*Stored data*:
• • • • •
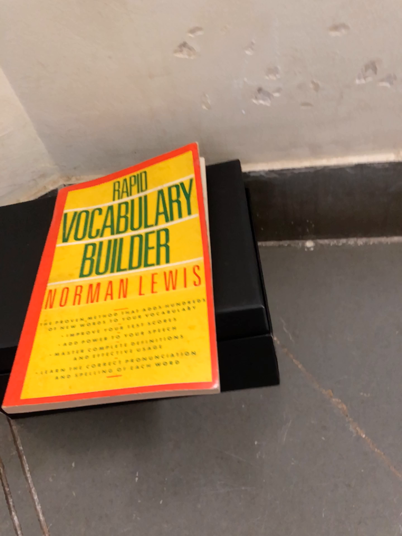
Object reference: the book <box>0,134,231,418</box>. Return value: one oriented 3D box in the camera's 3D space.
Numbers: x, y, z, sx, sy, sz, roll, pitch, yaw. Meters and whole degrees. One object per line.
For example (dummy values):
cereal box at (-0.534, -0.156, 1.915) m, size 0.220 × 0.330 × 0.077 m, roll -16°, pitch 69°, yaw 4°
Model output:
book at (-0.055, -0.011, 0.340) m, size 0.140 × 0.030 × 0.231 m, roll -8°, pitch 49°, yaw 8°
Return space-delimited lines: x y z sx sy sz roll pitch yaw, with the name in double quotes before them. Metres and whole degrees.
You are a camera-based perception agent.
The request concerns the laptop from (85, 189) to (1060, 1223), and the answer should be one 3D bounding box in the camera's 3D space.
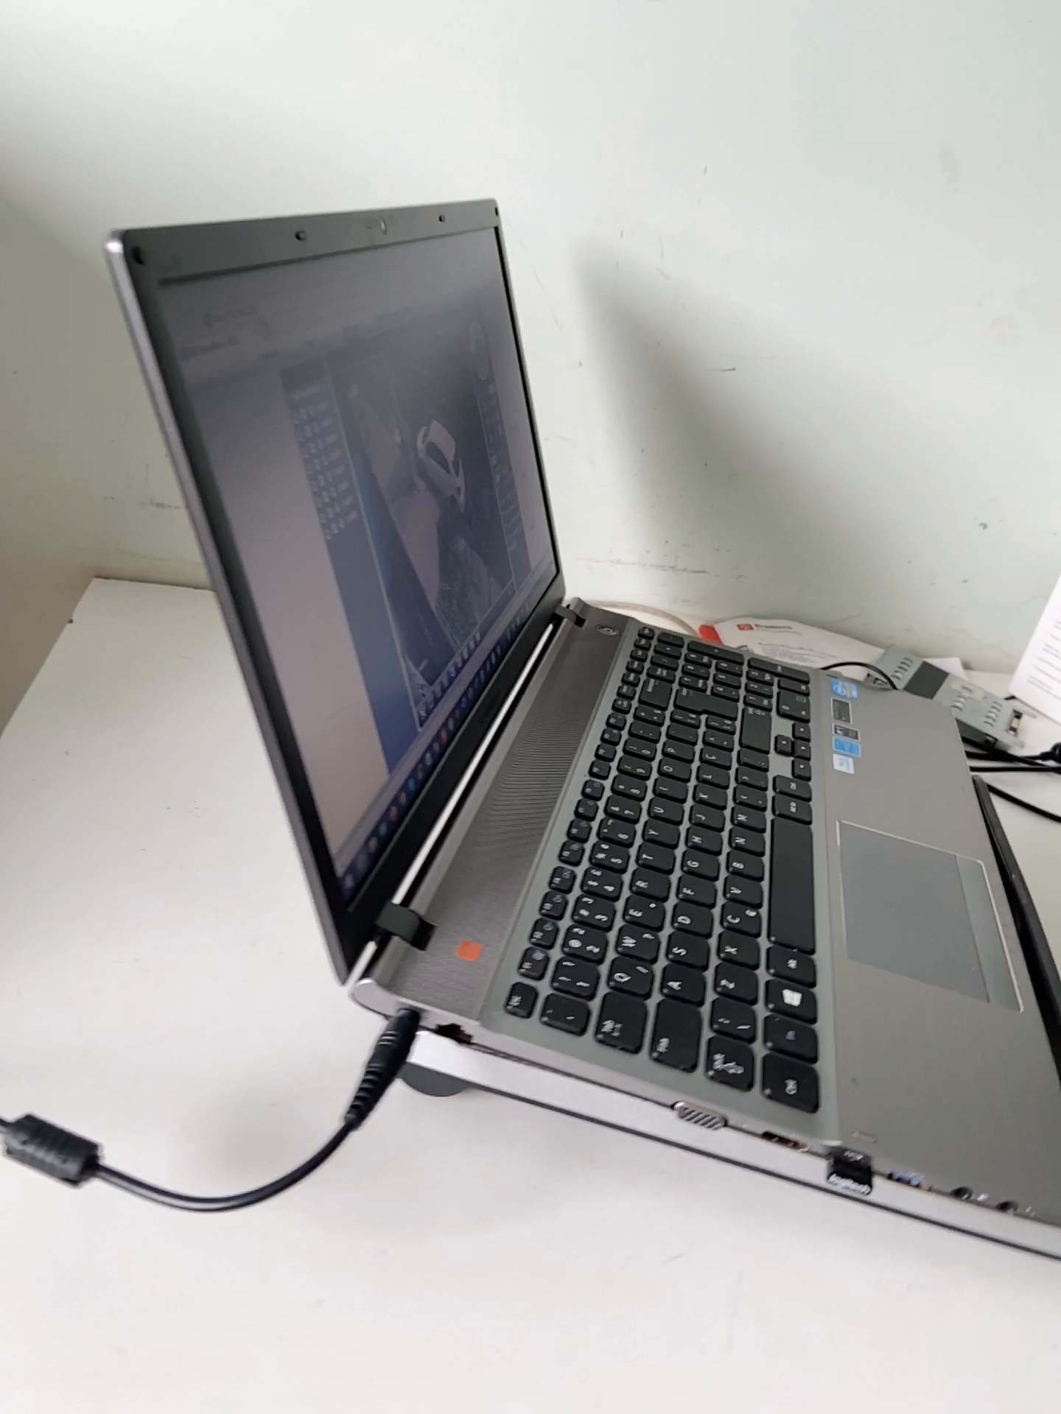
• • • • •
*WHAT YOU ARE ASKED TO DO*:
From the data, collect all lines where the string "Return" appears.

*RESULT OF THE TASK*:
Object reference: the book <box>0,134,231,418</box>. Return value: one oriented 3D box in the camera's 3D space.
Return space-delimited lines: x y z sx sy sz roll pitch yaw, with the name in double quotes before them. Metres and whole degrees.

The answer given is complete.